"""

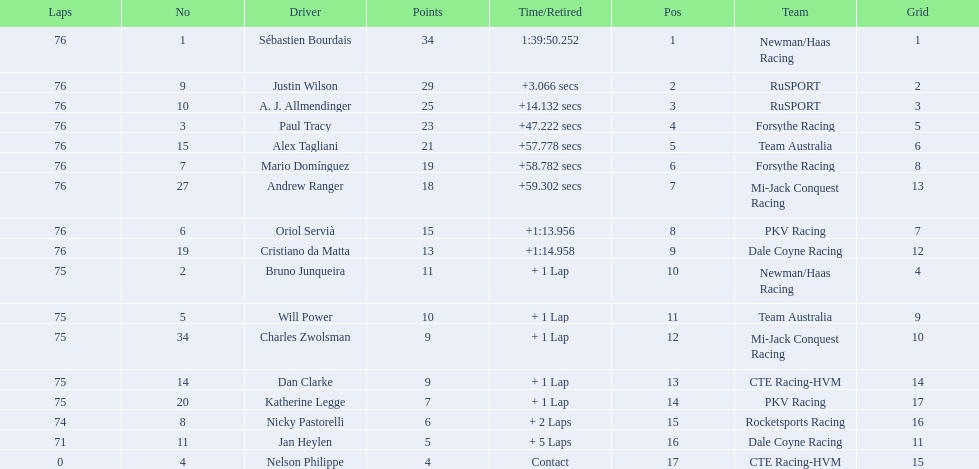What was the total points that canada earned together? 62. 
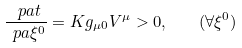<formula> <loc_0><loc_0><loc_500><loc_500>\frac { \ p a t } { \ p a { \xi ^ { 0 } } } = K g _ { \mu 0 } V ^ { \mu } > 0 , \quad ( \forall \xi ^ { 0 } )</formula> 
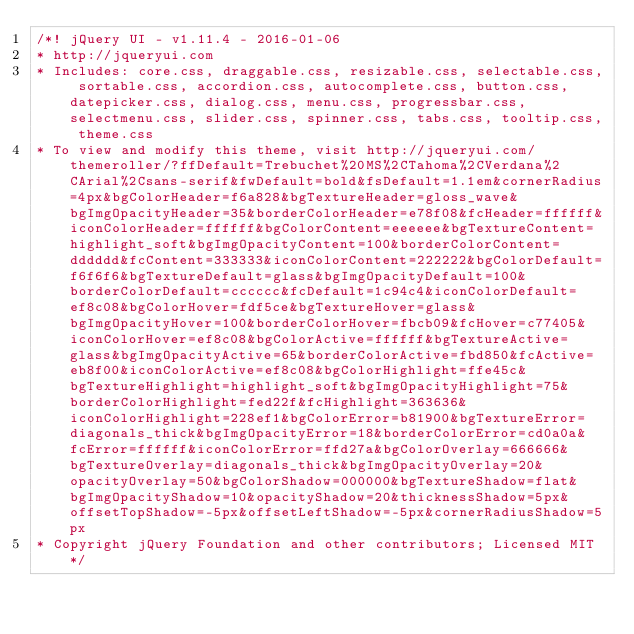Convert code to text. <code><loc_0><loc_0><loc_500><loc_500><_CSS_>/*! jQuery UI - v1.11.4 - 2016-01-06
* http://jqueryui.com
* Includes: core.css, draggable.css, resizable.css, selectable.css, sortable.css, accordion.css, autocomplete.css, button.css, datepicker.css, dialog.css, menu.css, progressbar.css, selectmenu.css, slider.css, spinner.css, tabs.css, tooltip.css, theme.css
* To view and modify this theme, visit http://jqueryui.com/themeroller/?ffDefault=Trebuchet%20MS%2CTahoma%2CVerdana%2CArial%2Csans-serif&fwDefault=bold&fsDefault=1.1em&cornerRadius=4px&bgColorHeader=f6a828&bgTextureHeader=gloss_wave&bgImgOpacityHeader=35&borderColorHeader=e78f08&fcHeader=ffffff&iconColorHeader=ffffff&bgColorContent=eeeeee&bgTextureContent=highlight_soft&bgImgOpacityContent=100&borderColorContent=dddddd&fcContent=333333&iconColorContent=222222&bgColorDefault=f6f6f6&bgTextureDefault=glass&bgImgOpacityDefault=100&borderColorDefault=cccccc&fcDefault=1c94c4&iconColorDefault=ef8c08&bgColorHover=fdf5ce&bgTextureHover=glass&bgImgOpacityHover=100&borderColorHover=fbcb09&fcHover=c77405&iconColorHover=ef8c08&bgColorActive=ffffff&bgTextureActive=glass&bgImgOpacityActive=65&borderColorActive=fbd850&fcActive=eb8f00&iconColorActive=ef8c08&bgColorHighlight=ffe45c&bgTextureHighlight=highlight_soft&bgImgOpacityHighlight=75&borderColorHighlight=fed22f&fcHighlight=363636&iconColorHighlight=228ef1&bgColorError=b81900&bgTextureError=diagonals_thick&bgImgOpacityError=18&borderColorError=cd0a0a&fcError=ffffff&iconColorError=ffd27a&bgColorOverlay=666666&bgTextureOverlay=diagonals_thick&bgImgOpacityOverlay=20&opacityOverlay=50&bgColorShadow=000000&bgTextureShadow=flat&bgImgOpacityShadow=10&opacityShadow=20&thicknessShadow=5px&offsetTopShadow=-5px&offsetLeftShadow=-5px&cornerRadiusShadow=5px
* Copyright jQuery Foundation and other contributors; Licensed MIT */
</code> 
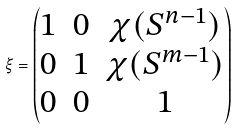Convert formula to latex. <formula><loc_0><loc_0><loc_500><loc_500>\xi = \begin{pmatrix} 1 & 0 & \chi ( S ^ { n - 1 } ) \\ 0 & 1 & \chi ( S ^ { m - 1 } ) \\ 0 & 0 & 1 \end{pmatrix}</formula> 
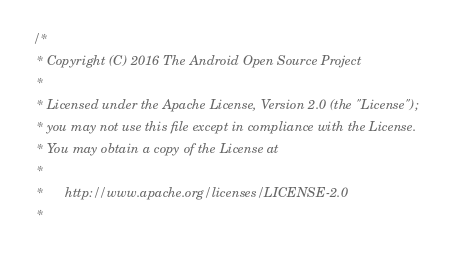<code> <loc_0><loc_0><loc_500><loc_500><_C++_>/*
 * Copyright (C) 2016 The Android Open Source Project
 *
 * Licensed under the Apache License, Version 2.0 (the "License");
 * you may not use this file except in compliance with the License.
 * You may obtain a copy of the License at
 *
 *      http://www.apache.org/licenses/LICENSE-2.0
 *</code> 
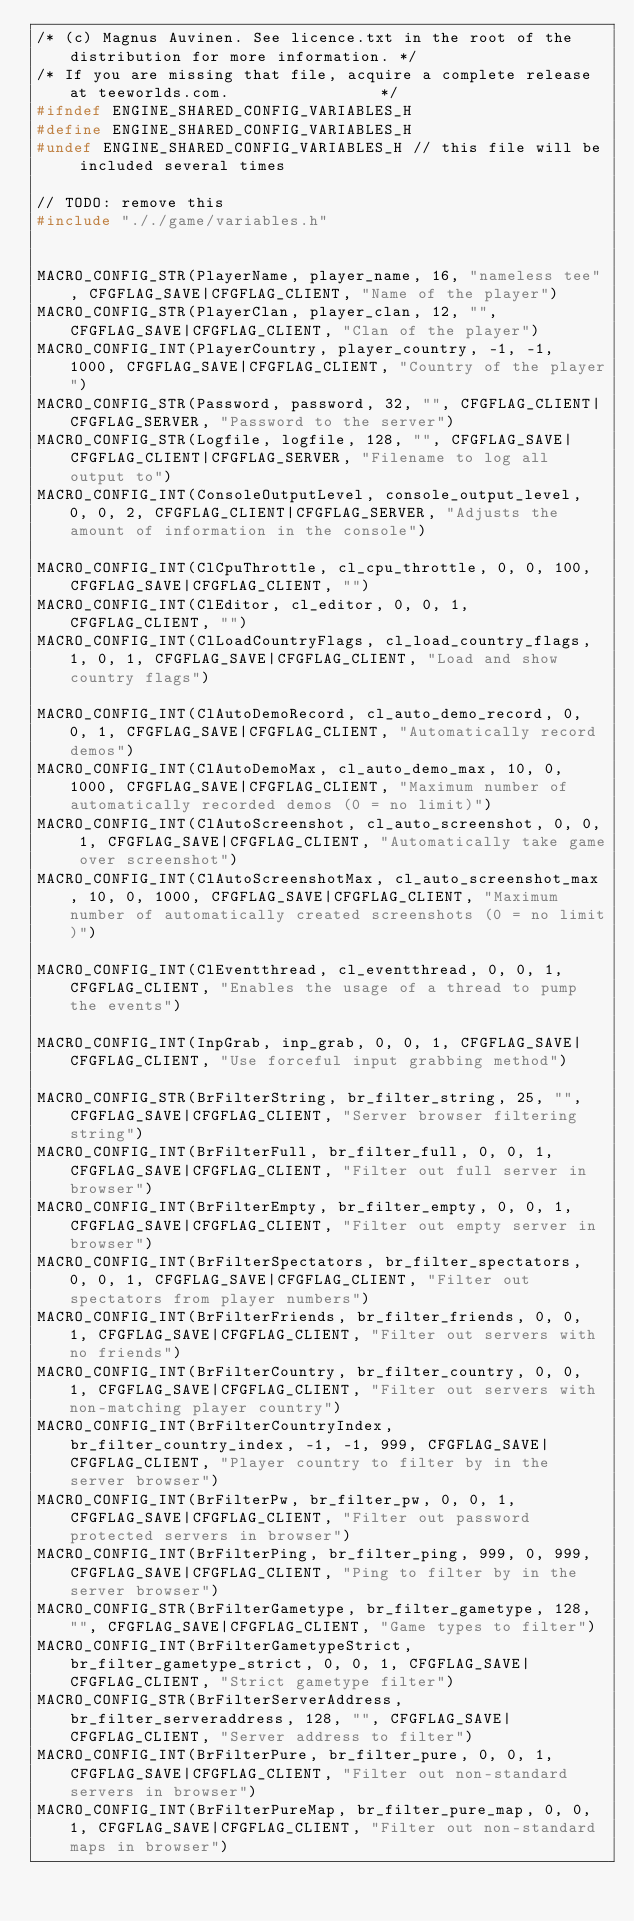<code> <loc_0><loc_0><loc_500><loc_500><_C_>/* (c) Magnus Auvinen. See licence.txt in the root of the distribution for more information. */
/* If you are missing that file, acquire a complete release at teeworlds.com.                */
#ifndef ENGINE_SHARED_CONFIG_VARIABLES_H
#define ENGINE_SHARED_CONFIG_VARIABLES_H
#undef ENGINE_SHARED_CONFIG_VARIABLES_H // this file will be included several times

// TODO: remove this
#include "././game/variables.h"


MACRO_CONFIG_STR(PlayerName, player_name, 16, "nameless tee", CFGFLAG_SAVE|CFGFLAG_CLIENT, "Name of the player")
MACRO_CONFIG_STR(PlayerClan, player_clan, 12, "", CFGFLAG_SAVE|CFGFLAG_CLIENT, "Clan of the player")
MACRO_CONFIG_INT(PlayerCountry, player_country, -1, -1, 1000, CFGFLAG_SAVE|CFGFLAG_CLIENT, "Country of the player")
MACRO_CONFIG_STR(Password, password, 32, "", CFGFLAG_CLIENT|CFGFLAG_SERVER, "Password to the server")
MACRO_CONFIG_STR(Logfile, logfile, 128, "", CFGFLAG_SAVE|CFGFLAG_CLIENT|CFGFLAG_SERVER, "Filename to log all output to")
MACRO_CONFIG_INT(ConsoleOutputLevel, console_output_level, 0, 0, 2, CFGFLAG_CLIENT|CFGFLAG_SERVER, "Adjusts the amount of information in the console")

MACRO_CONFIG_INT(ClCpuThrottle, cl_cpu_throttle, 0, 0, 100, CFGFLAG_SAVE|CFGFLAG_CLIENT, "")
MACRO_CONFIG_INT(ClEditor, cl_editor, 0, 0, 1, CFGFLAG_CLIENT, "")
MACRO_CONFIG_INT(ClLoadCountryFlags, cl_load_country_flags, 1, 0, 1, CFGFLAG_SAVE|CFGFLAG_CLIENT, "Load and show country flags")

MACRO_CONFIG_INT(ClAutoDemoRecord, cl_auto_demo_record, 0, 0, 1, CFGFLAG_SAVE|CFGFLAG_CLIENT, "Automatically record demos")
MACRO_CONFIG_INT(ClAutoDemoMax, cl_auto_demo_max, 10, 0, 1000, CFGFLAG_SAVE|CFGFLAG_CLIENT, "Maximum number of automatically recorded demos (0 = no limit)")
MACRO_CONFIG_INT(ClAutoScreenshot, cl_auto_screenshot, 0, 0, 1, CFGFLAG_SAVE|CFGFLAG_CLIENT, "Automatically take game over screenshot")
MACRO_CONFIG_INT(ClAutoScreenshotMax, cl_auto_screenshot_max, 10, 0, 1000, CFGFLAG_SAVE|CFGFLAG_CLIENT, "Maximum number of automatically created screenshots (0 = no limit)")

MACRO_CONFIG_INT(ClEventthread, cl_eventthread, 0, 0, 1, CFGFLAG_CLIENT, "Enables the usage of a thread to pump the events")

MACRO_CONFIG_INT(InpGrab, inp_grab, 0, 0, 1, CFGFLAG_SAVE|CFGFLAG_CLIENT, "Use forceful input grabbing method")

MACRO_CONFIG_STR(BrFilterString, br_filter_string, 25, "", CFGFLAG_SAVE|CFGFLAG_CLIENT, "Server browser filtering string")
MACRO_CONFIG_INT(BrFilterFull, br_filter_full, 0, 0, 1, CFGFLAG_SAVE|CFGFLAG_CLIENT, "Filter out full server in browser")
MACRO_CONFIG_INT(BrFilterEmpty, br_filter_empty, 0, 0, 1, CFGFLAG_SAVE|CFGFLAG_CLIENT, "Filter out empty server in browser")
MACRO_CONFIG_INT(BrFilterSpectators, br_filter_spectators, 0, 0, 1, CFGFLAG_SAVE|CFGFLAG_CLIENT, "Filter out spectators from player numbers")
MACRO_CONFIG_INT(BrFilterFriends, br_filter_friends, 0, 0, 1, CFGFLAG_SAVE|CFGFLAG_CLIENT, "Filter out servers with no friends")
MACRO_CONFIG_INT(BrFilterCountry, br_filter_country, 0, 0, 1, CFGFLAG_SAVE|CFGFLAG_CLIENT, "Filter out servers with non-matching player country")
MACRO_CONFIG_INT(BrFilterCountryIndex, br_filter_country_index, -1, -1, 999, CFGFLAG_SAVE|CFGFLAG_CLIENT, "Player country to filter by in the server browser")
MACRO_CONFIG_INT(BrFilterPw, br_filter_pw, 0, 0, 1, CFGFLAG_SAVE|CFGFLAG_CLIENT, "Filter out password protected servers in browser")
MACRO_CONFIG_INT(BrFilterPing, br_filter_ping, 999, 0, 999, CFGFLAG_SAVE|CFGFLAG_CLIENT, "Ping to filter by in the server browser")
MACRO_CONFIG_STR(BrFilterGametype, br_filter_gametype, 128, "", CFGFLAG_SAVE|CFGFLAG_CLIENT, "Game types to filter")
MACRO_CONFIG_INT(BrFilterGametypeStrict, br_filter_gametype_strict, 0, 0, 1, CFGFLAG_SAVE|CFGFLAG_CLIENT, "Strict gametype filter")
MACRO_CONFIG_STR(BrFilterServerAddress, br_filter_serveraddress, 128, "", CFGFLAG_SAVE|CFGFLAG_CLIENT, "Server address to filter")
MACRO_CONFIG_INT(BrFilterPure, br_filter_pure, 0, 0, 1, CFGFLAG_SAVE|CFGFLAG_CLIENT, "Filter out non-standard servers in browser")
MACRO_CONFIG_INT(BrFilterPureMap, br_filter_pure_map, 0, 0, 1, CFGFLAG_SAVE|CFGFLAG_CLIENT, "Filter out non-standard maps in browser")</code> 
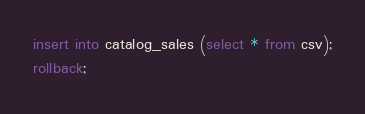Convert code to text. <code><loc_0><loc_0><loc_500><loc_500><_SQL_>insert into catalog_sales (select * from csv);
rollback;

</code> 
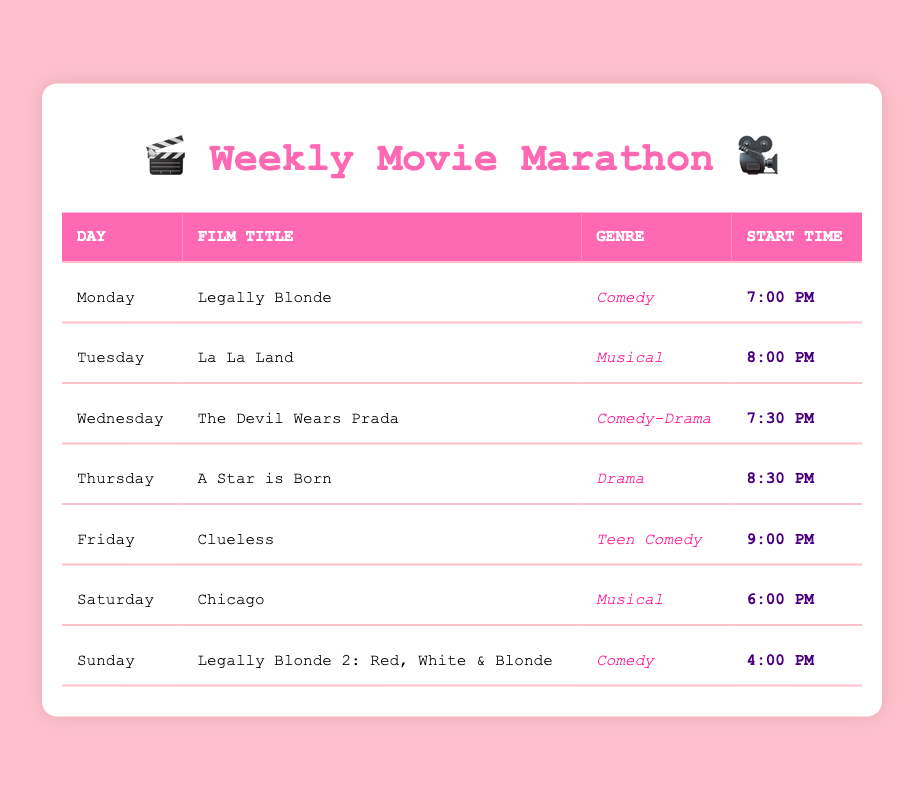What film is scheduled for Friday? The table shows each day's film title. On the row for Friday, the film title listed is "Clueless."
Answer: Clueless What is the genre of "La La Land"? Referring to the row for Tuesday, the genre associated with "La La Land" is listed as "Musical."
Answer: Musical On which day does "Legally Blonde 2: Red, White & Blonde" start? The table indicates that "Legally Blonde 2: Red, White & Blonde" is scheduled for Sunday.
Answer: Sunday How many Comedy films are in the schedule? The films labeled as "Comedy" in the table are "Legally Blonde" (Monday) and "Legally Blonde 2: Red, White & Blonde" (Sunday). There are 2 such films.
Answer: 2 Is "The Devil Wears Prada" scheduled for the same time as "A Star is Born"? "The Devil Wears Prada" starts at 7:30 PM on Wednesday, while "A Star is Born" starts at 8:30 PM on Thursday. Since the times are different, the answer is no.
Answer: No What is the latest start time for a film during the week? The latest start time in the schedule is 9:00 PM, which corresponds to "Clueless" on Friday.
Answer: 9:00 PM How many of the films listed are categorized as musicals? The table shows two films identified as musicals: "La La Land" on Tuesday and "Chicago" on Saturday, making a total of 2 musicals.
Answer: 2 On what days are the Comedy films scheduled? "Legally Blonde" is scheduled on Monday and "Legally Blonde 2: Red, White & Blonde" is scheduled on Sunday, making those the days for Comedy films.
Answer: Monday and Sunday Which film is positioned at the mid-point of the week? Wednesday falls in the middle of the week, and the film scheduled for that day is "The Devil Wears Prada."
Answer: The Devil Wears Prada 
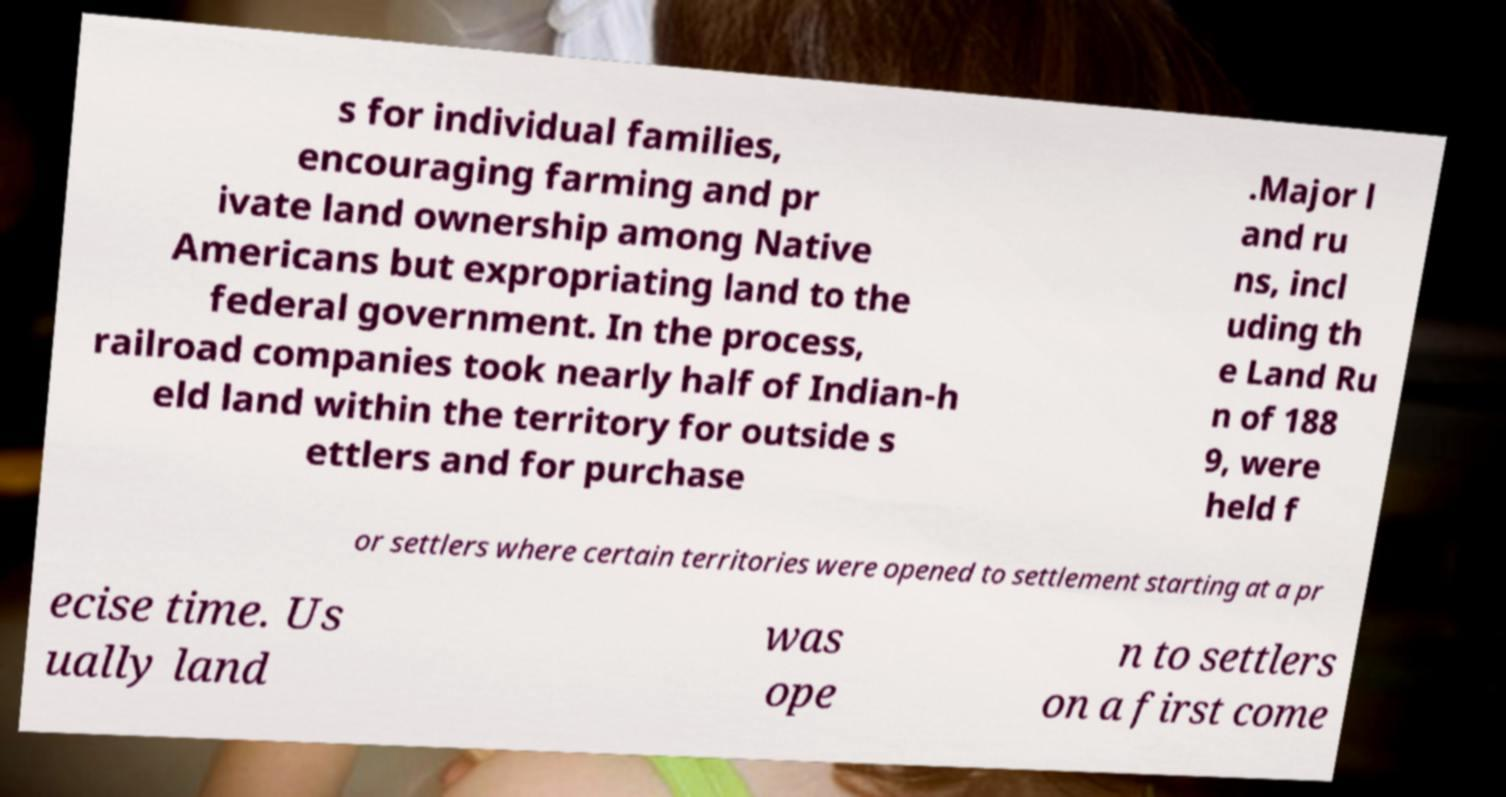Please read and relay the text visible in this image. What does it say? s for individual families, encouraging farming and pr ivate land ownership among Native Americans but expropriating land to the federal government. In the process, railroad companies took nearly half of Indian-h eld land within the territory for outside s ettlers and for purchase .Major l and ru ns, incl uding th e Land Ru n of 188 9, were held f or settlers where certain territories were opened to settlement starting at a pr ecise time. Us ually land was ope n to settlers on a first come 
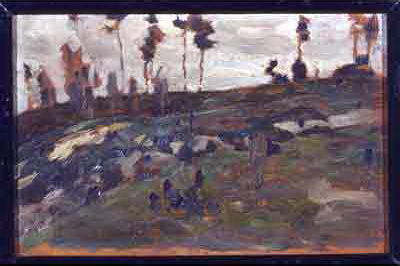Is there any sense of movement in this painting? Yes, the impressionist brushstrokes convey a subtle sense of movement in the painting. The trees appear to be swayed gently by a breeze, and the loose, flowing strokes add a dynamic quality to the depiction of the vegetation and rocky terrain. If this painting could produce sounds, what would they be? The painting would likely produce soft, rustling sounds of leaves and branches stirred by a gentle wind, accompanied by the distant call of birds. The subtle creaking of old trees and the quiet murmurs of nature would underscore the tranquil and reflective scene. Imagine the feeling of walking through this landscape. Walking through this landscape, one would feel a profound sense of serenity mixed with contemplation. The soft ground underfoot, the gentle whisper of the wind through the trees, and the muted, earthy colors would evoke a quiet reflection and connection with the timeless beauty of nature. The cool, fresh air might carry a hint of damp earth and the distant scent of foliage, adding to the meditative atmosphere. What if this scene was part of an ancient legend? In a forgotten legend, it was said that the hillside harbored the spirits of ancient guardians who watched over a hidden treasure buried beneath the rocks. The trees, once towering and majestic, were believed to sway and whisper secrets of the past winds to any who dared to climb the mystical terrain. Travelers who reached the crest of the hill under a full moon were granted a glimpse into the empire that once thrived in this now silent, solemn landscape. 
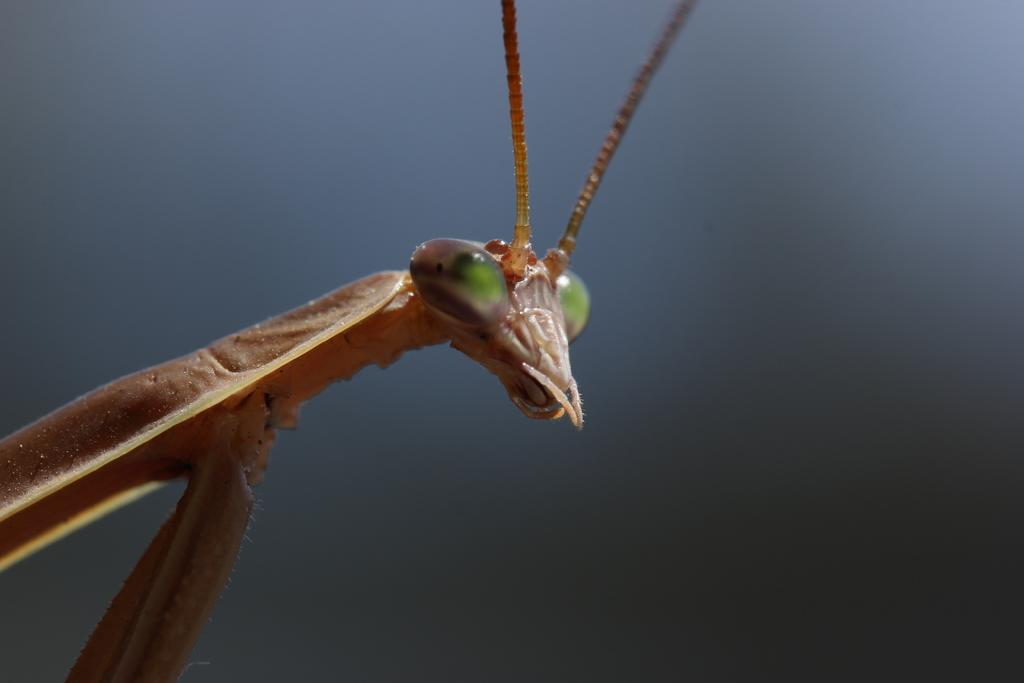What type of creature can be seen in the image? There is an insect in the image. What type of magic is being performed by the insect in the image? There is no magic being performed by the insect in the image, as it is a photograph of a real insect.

"""

Aim of the exercise:
Your answer should be each line of the data that contains the word "Tuesday", copied as it stands.

Your solution:
Answer: Clueless What is the genre of "La La Land"? Referring to the row for Tuesday, the genre associated with "La La Land" is listed as "Musical."
Answer: 9:00 PM How many of the films listed are categorized as musicals? The table shows two films identified as musicals: "La La Land" on Tuesday and "Chicago" on Saturday, making a total of 2 musicals.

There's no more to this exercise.